3x3x3 Array{Int16,3}:

[:, :, 1] =

 0  0  0

 0  0  0

 0  0  0

[:, :, 2] =

 0  0  0

 0  0  0

 0  0  0

[:, :, 3] =

 0  0  0

 0  0  0

 0  0  0

Integers are immutable types, so are passed by copying, not reference, and so each element has its own value.

[James Gilbert]

Sorry, this:

  fill(Array{Int64,1},3,3,3)

creates a 3D array of types.  So that's just as useless.

[Dan]

Since this situation comes up once in a while, it might be nice to have a copyfill which does a copy on each cell. In code:

function copyfill!{T}(a::Array{T}, x)

    xT = convert(T, x)

    for i in eachindex(a)

        @inbounds a[i] = copy(xT)

    end

    return a

end

copyfill(v, dims::Dims)       = copyfill!(Array(typeof(v), dims), v)

copyfill(v, dims::Integer...) = copyfill!(Array(typeof(v), dims...), v)

And then we have:

julia> m = copyfill(Int[1],3,3)

3x3 Array{Array{Int64,1},2}:

 [1]  [1]  [1]

 [1]  [1]  [1]

 [1]  [1]  [1]

julia> push!(m[1,1],2)

2-element Array{Int64,1}:

 1

 2

julia> m

3x3 Array{Array{Int64,1},2}:

 [1,2]  [1]  [1]

 [1]    [1]  [1]

 [1]    [1]  [1]

As some would expect. Is there a +1 on this?

[Aleksandr Mikheev]

Thank you, guys.
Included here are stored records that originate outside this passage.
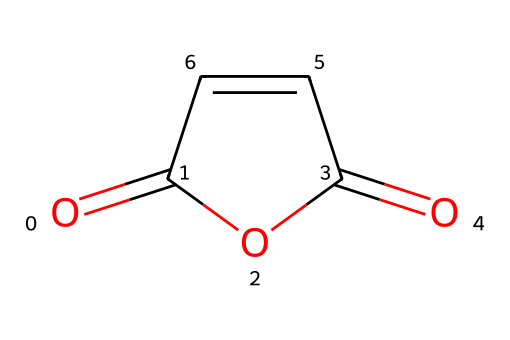What is the name of this compound? The SMILES representation shows a structure with two carbonyl groups (C=O) adjacent to a five-membered ring containing an oxygen atom. This is characteristic of maleic anhydride.
Answer: maleic anhydride How many carbon atoms are in maleic anhydride? Analyzing the SMILES, there are four carbon atoms present in the structure.
Answer: 4 What is the total number of double bonds in this molecule? In the structure, there are two carbon-carbon double bonds and two carbon-oxygen double bonds, totaling four double bonds.
Answer: 4 What functional groups are present in the structure? The structure includes carbonyl (C=O) and an anhydride group, which is typical for an acid anhydride.
Answer: carbonyl and anhydride What type of reaction can maleic anhydride undergo due to its structure? The presence of the anhydride functional group allows it to readily react with water to form maleic acid, which is typical behavior for acid anhydrides.
Answer: hydrolysis How many oxygen atoms are present in maleic anhydride? The SMILES indicates there are two oxygen atoms in the molecule, both part of the carbonyl groups.
Answer: 2 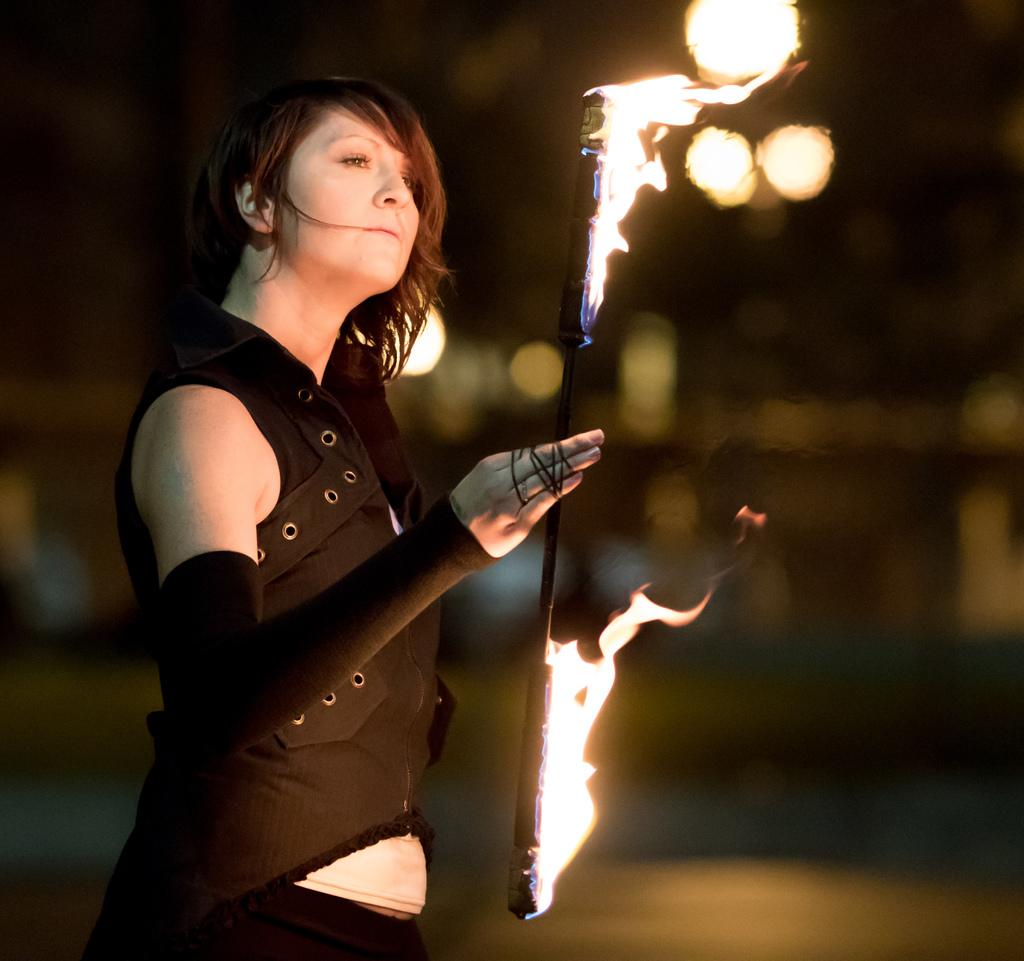What is the main subject of the image? There is a person in the image. What is the person doing in the image? The person is standing and holding a stick with fire. Can you describe the background of the image? The background of the image is blurred. What type of suit is the person wearing in the image? There is no suit visible in the image; the person is holding a stick with fire. How many fangs can be seen on the person in the image? There are no fangs present in the image; the person is holding a stick with fire. 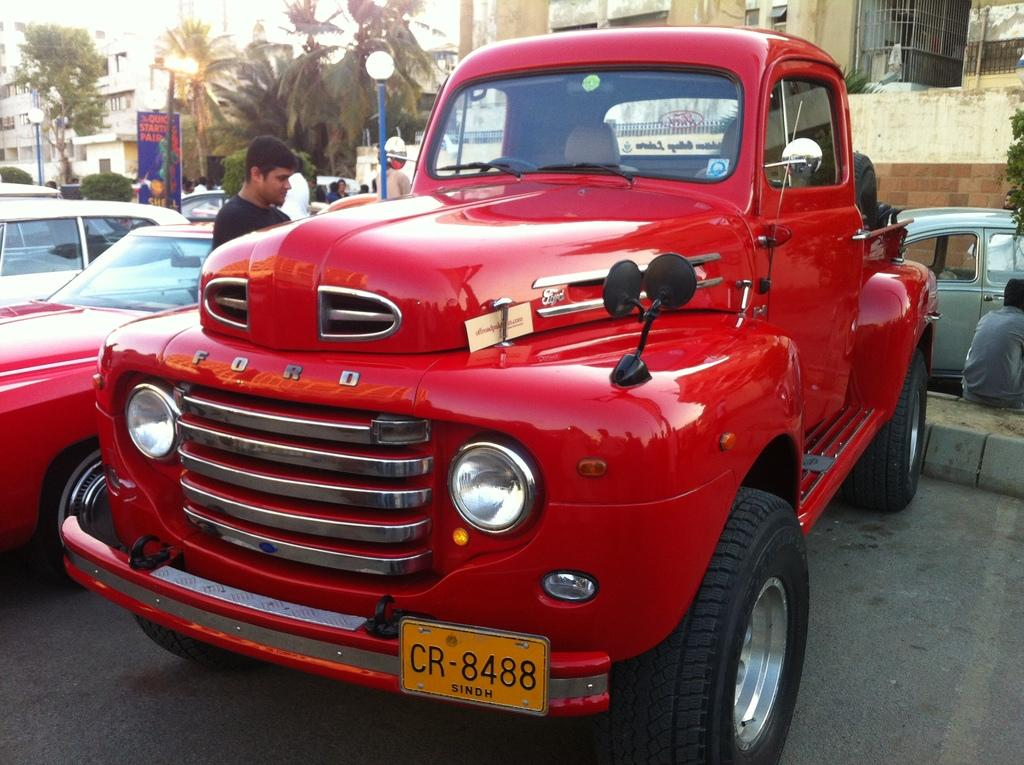What can be seen on the road in the image? There are cars on the road in the image. What are the people behind the cars doing? The people are standing behind the cars. What can be seen in the distance in the image? There are buildings in the background of the image. What type of vegetation is present in front of the buildings? Trees are present in front of the buildings. What type of shoe can be seen on the roof of the building in the image? There is no shoe present on the roof of the building in the image. What season is it in the image, considering the presence of trees and buildings? The season cannot be determined from the image, as it only shows cars, people, buildings, and trees. 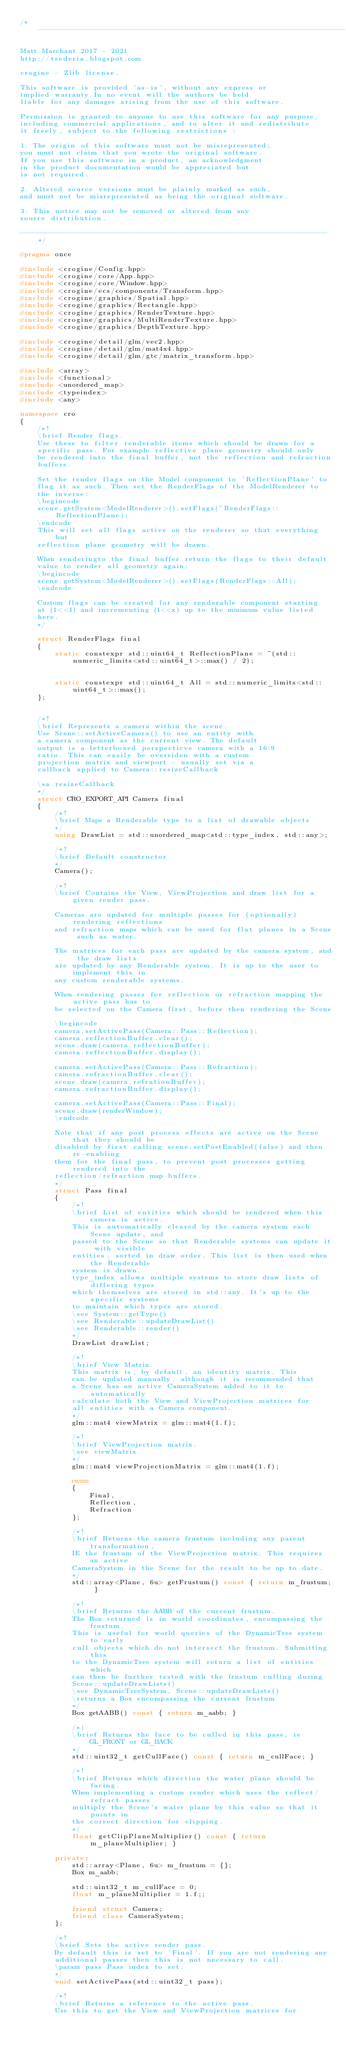<code> <loc_0><loc_0><loc_500><loc_500><_C++_>/*-----------------------------------------------------------------------

Matt Marchant 2017 - 2021
http://trederia.blogspot.com

crogine - Zlib license.

This software is provided 'as-is', without any express or
implied warranty.In no event will the authors be held
liable for any damages arising from the use of this software.

Permission is granted to anyone to use this software for any purpose,
including commercial applications, and to alter it and redistribute
it freely, subject to the following restrictions :

1. The origin of this software must not be misrepresented;
you must not claim that you wrote the original software.
If you use this software in a product, an acknowledgment
in the product documentation would be appreciated but
is not required.

2. Altered source versions must be plainly marked as such,
and must not be misrepresented as being the original software.

3. This notice may not be removed or altered from any
source distribution.

-----------------------------------------------------------------------*/

#pragma once

#include <crogine/Config.hpp>
#include <crogine/core/App.hpp>
#include <crogine/core/Window.hpp>
#include <crogine/ecs/components/Transform.hpp>
#include <crogine/graphics/Spatial.hpp>
#include <crogine/graphics/Rectangle.hpp>
#include <crogine/graphics/RenderTexture.hpp>
#include <crogine/graphics/MultiRenderTexture.hpp>
#include <crogine/graphics/DepthTexture.hpp>

#include <crogine/detail/glm/vec2.hpp>
#include <crogine/detail/glm/mat4x4.hpp>
#include <crogine/detail/glm/gtc/matrix_transform.hpp>

#include <array>
#include <functional>
#include <unordered_map>
#include <typeindex>
#include <any>

namespace cro
{
    /*!
    \brief Render flags.
    Use these to filter renderable items which should be drawn for a
    specific pass. For example reflective plane geometry should only
    be rendered into the final buffer, not the reflection and refraction
    buffers.

    Set the render flags on the Model component to 'ReflectionPlane' to
    flag it as such. Then set the RenderFlags of the ModelRenderer to
    the inverse:
    \begincode
    scene.getSystem<ModelRenderer>().setFlags(~RenderFlags::ReflectionPlane);
    \endcode
    This will set all flags active on the renderer so that everything but
    reflection plane geometry will be drawn.

    When renderingto the final buffer return the flags to their default
    value to render all geometry again:
    \begincode
    scene.getSystem<ModelRenderer>().setFlags(RenderFlags::All);
    \endcode

    Custom flags can be created for any renderable component starting
    at (1<<1) and incrementing (1<<x) up to the minimum value listed
    here.
    */

    struct RenderFlags final
    {
        static constexpr std::uint64_t ReflectionPlane = ~(std::numeric_limits<std::uint64_t>::max() / 2);


        static constexpr std::uint64_t All = std::numeric_limits<std::uint64_t>::max();
    };


    /*!
    \brief Represents a camera within the scene.
    Use Scene::setActiveCamera() to use an entity with
    a camera component as the current view. The default
    output is a letterboxed perspecticve camera with a 16:9
    ratio. This can easily be overriden with a custom
    projection matrix and viewport - usually set via a
    callback applied to Camera::resizeCallback

    \sa resizeCallback
    */
    struct CRO_EXPORT_API Camera final
    {
        /*!
        \brief Maps a Renderable type to a list of drawable objects
        */
        using DrawList = std::unordered_map<std::type_index, std::any>;

        /*!
        \brief Default constructor
        */
        Camera();

        /*!
        \brief Contains the View, ViewProjection and draw list for a given render pass.

        Cameras are updated for multiple passes for (optionally) rendering reflections
        and refraction maps which can be used for flat planes in a Scene such as water.

        The matrices for each pass are updated by the camera system, and the draw lists
        are updated by any Renderable system. It is up to the user to implement this in
        any custom renderable systems.

        When rendering passes for reflection or refraction mapping the active pass has to
        be selected on the Camera first, before then rendering the Scene

        \begincode
        camera.setActivePass(Camera::Pass::Reflection);
        camera.reflectionBuffer.clear();
        scene.draw(camera.reflectionBuffer);
        camera.reflectionBuffer.display();

        camera.setActivePass(Camera::Pass::Refraction);
        camera.refractionBuffer.clear();
        scene.draw(camera.refrationBuffer);
        camera.refractionBuffer.display();

        camera.setActivePass(Camera::Pass::Final);
        scene.draw(renderWindow);
        \endcode

        Note that if any post process effects are active on the Scene that they should be
        disabled by first calling scene.setPostEnabled(false) and then re-enabling
        them for the final pass, to prevent post processes getting rendered into the
        reflection/refraction map buffers.
        */
        struct Pass final
        {
            /*!
            \brief List of entities which should be rendered when this camera is active.
            This is automatically cleared by the camera system each Scene update, and
            passed to the Scene so that Renderable systems can update it with visible
            entities, sorted in draw order. This list is then used when the Renderable
            system is drawn.
            type_index allows multiple systems to store draw lists of differing types
            which themselves are stored in std::any. It's up to the specific systems
            to maintain which types are stored.
            \see System::getType()
            \see Renderable::updateDrawList()
            \see Renderable::render()
            */
            DrawList drawList;

            /*!
            \brief View Matrix.
            This matrix is, by default, an identity matrix. This
            can be updated manually, although it is recommended that
            a Scene has an active CameraSystem added to it to automatically
            calculate both the View and ViewProjection matrices for
            all entities with a Camera component.
            */
            glm::mat4 viewMatrix = glm::mat4(1.f);

            /*!
            \brief ViewProjection matrix.
            \see viewMatrix
            */
            glm::mat4 viewProjectionMatrix = glm::mat4(1.f);

            enum
            {
                Final,
                Reflection,
                Refraction
            };

            /*!
            \brief Returns the camera frustum including any parent transformation,
            IE the frustum of the ViewProjection matrix. This requires an active
            CameraSystem in the Scene for the result to be up to date.
            */
            std::array<Plane, 6u> getFrustum() const { return m_frustum; }

            /*!
            \brief Returns the AABB of the current frustum.
            The Box returned is in world coordinates, encompassing the frustum.
            This is useful for world queries of the DynamicTree system to early
            cull objects which do not intersect the frustum. Submitting this
            to the DynamicTree system will return a list of entities which
            can then be further tested with the frustum culling during
            Scene::updateDrawLists()
            \see DynamicTreeSystem, Scene::updateDrawLists()
            \returns a Box encompassing the current frustum
            */
            Box getAABB() const { return m_aabb; }

            /*|
            \brief Returns the face to be culled in this pass, ie GL_FRONT or GL_BACK
            */
            std::uint32_t getCullFace() const { return m_cullFace; }

            /*!
            \brief Returns which direction the water plane should be facing.
            When implementing a custom render which uses the reflect/refract passes
            multiply the Scene's water plane by this value so that it points in
            the correct direction for clipping.
            */
            float getClipPlaneMultiplier() const { return m_planeMultiplier; }

        private:
            std::array<Plane, 6u> m_frustum = {};
            Box m_aabb;

            std::uint32_t m_cullFace = 0;
            float m_planeMultiplier = 1.f;;

            friend struct Camera;
            friend class CameraSystem;
        };

        /*!
        \brief Sets the active render pass.
        By default this is set to 'Final'. If you are not rendering any
        additional passes then this is not necessary to call.
        \param pass Pass index to set.
        */
        void setActivePass(std::uint32_t pass);

        /*!
        \brief Returns a reference to the active pass.
        Use this to get the View and ViewProjection matrices for</code> 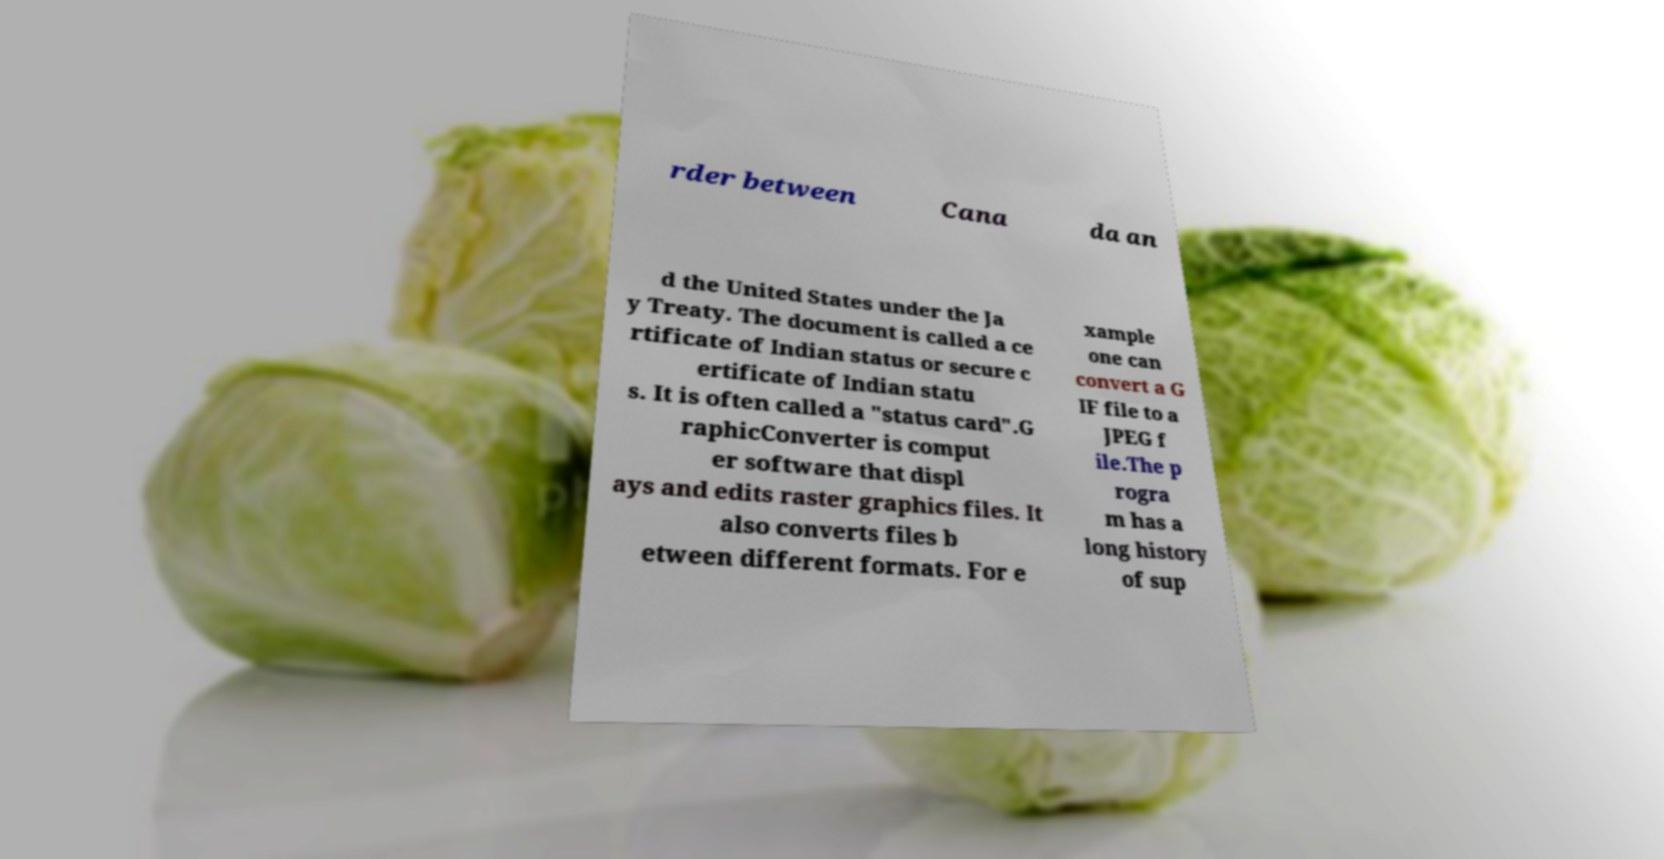Could you assist in decoding the text presented in this image and type it out clearly? rder between Cana da an d the United States under the Ja y Treaty. The document is called a ce rtificate of Indian status or secure c ertificate of Indian statu s. It is often called a "status card".G raphicConverter is comput er software that displ ays and edits raster graphics files. It also converts files b etween different formats. For e xample one can convert a G IF file to a JPEG f ile.The p rogra m has a long history of sup 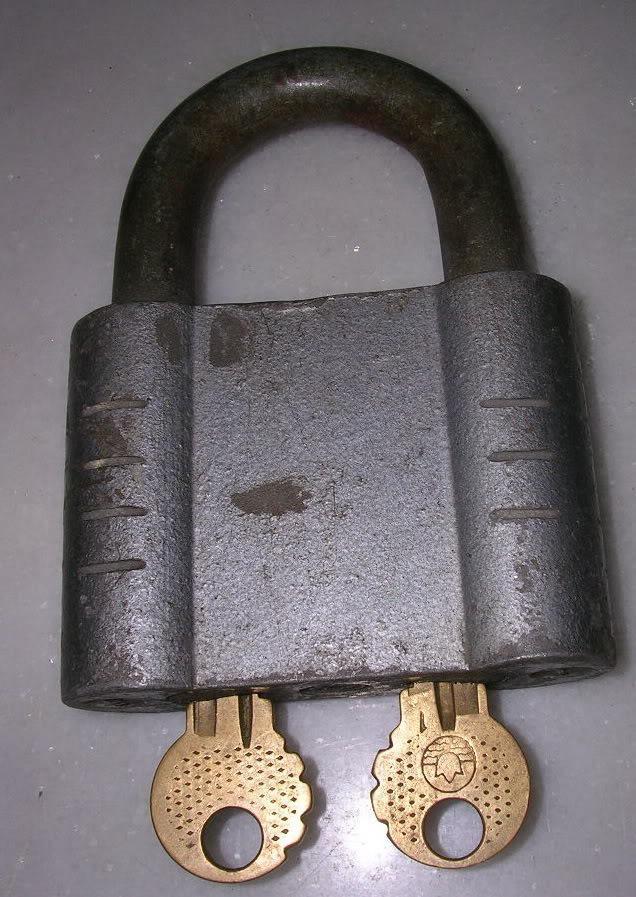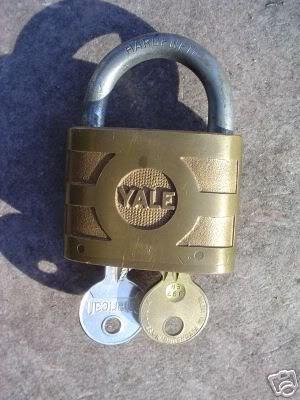The first image is the image on the left, the second image is the image on the right. Given the left and right images, does the statement "An image shows one key on a colored string to the left of a vintage lock." hold true? Answer yes or no. No. The first image is the image on the left, the second image is the image on the right. Evaluate the accuracy of this statement regarding the images: "Both locks are in the lock position.". Is it true? Answer yes or no. Yes. 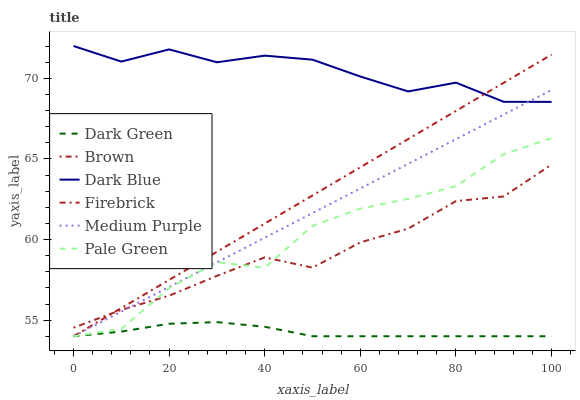Does Dark Green have the minimum area under the curve?
Answer yes or no. Yes. Does Dark Blue have the maximum area under the curve?
Answer yes or no. Yes. Does Firebrick have the minimum area under the curve?
Answer yes or no. No. Does Firebrick have the maximum area under the curve?
Answer yes or no. No. Is Medium Purple the smoothest?
Answer yes or no. Yes. Is Pale Green the roughest?
Answer yes or no. Yes. Is Firebrick the smoothest?
Answer yes or no. No. Is Firebrick the roughest?
Answer yes or no. No. Does Firebrick have the lowest value?
Answer yes or no. Yes. Does Dark Blue have the lowest value?
Answer yes or no. No. Does Dark Blue have the highest value?
Answer yes or no. Yes. Does Firebrick have the highest value?
Answer yes or no. No. Is Pale Green less than Dark Blue?
Answer yes or no. Yes. Is Dark Blue greater than Dark Green?
Answer yes or no. Yes. Does Pale Green intersect Firebrick?
Answer yes or no. Yes. Is Pale Green less than Firebrick?
Answer yes or no. No. Is Pale Green greater than Firebrick?
Answer yes or no. No. Does Pale Green intersect Dark Blue?
Answer yes or no. No.

I guess this

[Int[] for i = 1:3, j=1:3, k=1:3]

is exactly what I need. At the same time, now I understand that I should read more about creating and filling arrays. :) Once again, thanks.

[Milan Bouchet-Valat]

This has been discussed in depth here:
https://github.com/JuliaLang/julia/pull/8759

One issue is that sometimes copy() is enough, but sometimes you want
deepcopy() instead (when the object itself contains references). Thus,
a more general solution would be to take as first argument a function
returning the value:
https://groups.google.com/d/msg/julia-users/L5fXkHPduBo/UNoq6NTQOnEJ

But as Stefan noted the comprehension form is quite good too. Maybe the
docs should point to it after the warning about shared references.


Regards

[Dan]

comprehension is indeed fine (and fast). should remember to read/search the docs and issues more (as usual).
fill(function,dims) is also good.

wondering, if it might be productive to make fill warn or even err when there is ambiguity and make versions:

`shallowfill`,`copyfill`,`deepcopyfill`. all this is unnecessary, but might help for readability purposes.